The ‘always the bridesmaid never the bride’ story of Kildare football seems to be imprinted in the genes of the county’s Gaelic followers. How often has great promise been shown in the early stages of league or championship campaign only to evaporate in the white-heat of the Croke Park cauldron? That was certainly the case in the National League final of 1958 when Kildare seemed poised to break the bad luck of decades and grasp the county’s first league title and indeed its first national senior success in thirty years.
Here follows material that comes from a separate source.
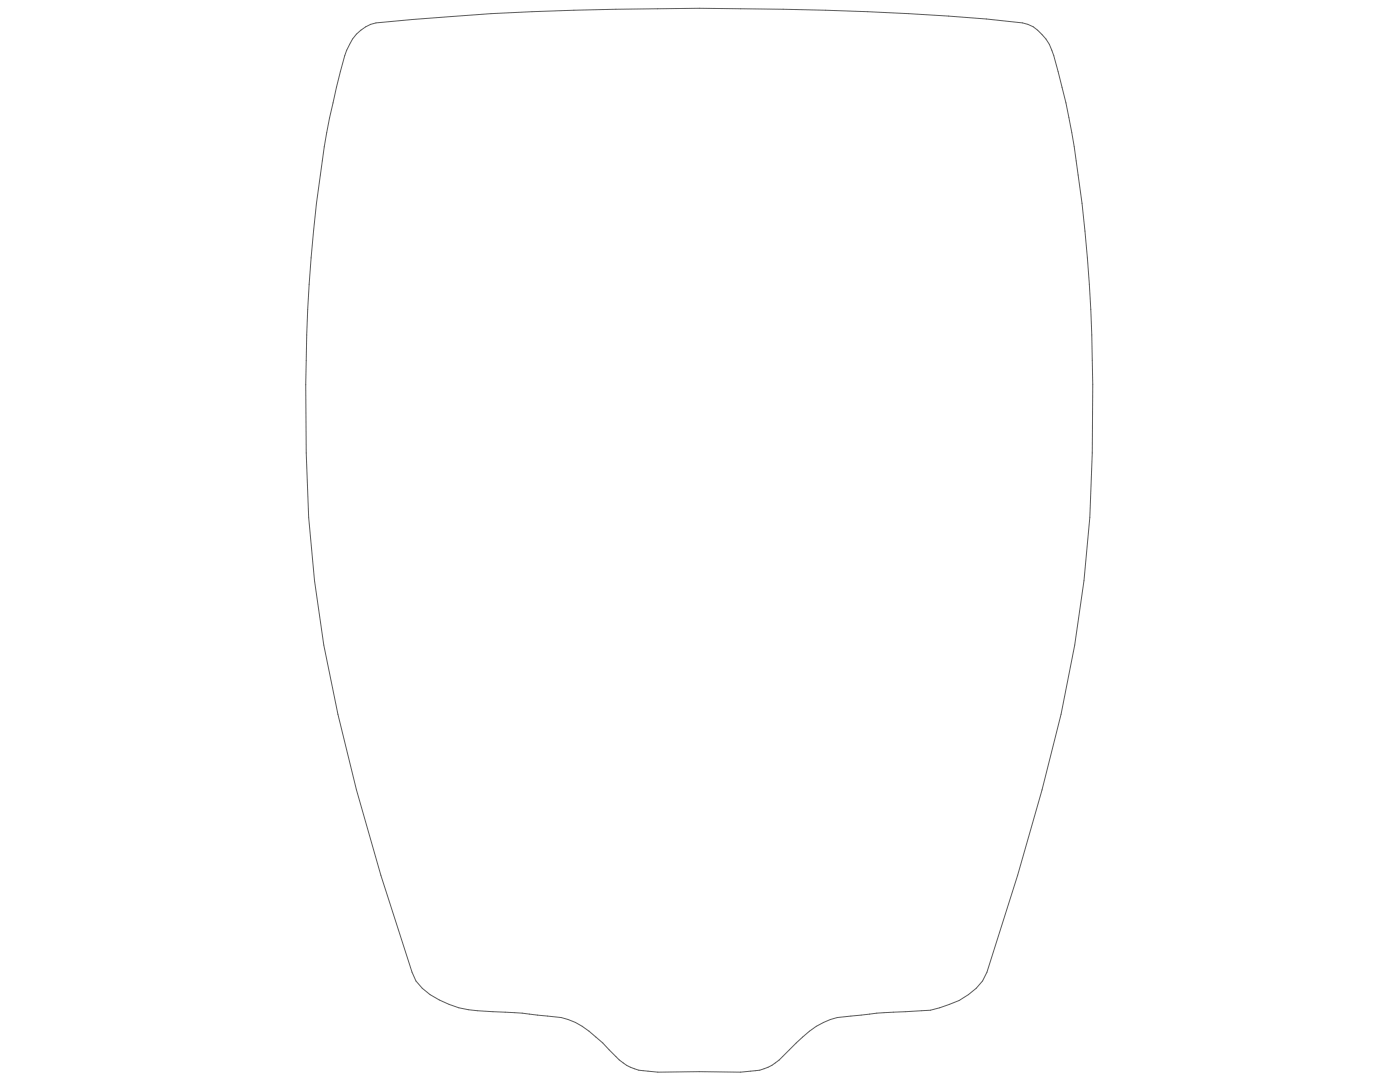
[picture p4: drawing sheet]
<svg xmlns="http://www.w3.org/2000/svg" width="279mm" height="216mm" viewBox="0 0 279 216" stroke-linecap="round" stroke-linejoin="round" font-family="sans-serif">
<path d="M71.1 6.8a7.5 7.5 0 0 1 3.9-2.2 631.4 631.4 0 0 1 72.8-2.9 640.8 640.8 0 0 1 49.1 2.1l7.2 .8a8.3 8.3 0 0 1 5.8 5.4 170.7 170.7 0 0 1 6.6 36.1 361.4 361.4 0 0 1 1 57.1 265.6 265.6 0 0 1-9.5 54.4l-4.9 17-6.1 19.4a11.5 11.5 0 0 1-7.5 6.4l-3.8 1.2a182.2 182.2 0 0 0-18.6 1.4 16.5 16.5 0 0 0-8.2 5.1l-3.4 3.4a8.4 8.4 0 0 1-4.8 2.1l-2.9 .3h-16.5l-2.9-.3a8.4 8.4 0 0 1-4.8-2.1l-2.1-2a18.2 18.2 0 0 0-9.5-6.5 145.6 145.6 0 0 0-16.7-1.3 18.9 18.9 0 0 1-11-4.5l-1.3-1.5-.8-1.7a457.2 457.2 0 0 1-17.6-65.3l-1.8-12.8-1.2-12.7a360.2 360.2 0 0 1 1.6-62.6 172.9 172.9 0 0 1 3.9-23.2l.8-3.1a16 16 0 0 1 3.2-7.5z" fill="none" stroke="#5a5a5a" stroke-width=".2"/>
</svg>

And on that May Sunday of 1958 the legion of All-White supporters who converged on Croke Park were given every grounds for optimism. As the opening line in the Leader report of the game related ‘When the All Whites led at half time by four points against Dublin in the final of the National Football League the large gathering of enthusiastic Kildare supporters visualised an All-White victory’ but it was too good to be true and the note of bewilderment coming through the report is palpable ‘However, whatever the reason, the Kildare men did not play the same brilliant brand of football in the second half as in the first and Dublin definitely were the superior team in tactics and skill.’ And perhaps it was a mark of the writer’s despair that the blame-the-referee card was played ‘ … Kildare held on grimly until five minutes from full time, when Dublin got a goal which many Kildare supporters maintain should never have been scored had the referee, Simon Deignan (Cavan), been on the mark to witness a Kildare back being fouled in play’.
However there is a long tradition in the local press of finding the moral victory in defeat: ‘though beaten we were far from disgraced’ was the scribe’s verdict. And credit was given to where it was due – the distinctive passing pattern of the Dublin side known to other commentators as the ‘Dublin machine’ was in evidence in the 1958 season: ‘Dublin are adept at combination play. The players have a wonderful knowledge of each other’s tactics’.   And moral victory or not the Leader correspondent did not hesitate to scold some of the Kildare team for their shortcomings: ‘Kildare players were warned and warned time and again of the necessity of close marking but in some cases the advice fell on deaf ears. Dublin’s first goal came from lax marking and when players fail to take the advice given them they lose the confidence of the Selectors’.
Credit was given to Kildare’s better players but there was a scolding sting in the tail of the Leader reporter’s assessment: ‘The opposition was great and some of our players did not shine as brightly as we expected but Flood, Gibbons, Tom Conolly, S. Moore, and Treacy reproduced their old wizardry. This however does not detract from the hard work of the other players and if some of the backs had marked more closely and used their brains more quickly we might have held our opponents to the end.’ 
The robust nature of the play is indicated by the account of substitutions and injuries: ‘During the course of the game S. Maguire and ‘Pa’ Connolly had to retire injured. They were replaced by P. Timmons and M. Doyle, both of Sarsfields. Pa Connolly was attended at the Mater Hospital where he is retained for a few days with an ankle injury.’
Such swipes at the lax performance of the backs alternated with renewed declarations of a moral victory at Croke Park that day: ‘All around the county we hear nothing but praise for the All-Whites … There were many who looked askew at us when we prophesised a great future for this combination. Some of the pessimists now are loud in their praise forgetting that they held out little hope of Kildare going far in the League.’
And the praise for the All-Whites was celebrated in a tangible way in the capital: ‘The team was entertained to dinner in the Ormonde Hotel later in the evening by the Kildaremen’s Association in Dublin. Over 130 guests attended and loudly praised the Kildare team when they appeared.’
No doubt the toasts of ‘Cill Dara Abu’ echoed across the Liffey as Kildare’s appearance on the stage of national football greatness was celebrated in the capital city.
Series No. 68

Liam Kenny in 'Nothing New Under the Sun,' Leinster Leader 22 May 2008, comments on the defeat of Co. Kildare in the National League Final of 1958 by Dublin.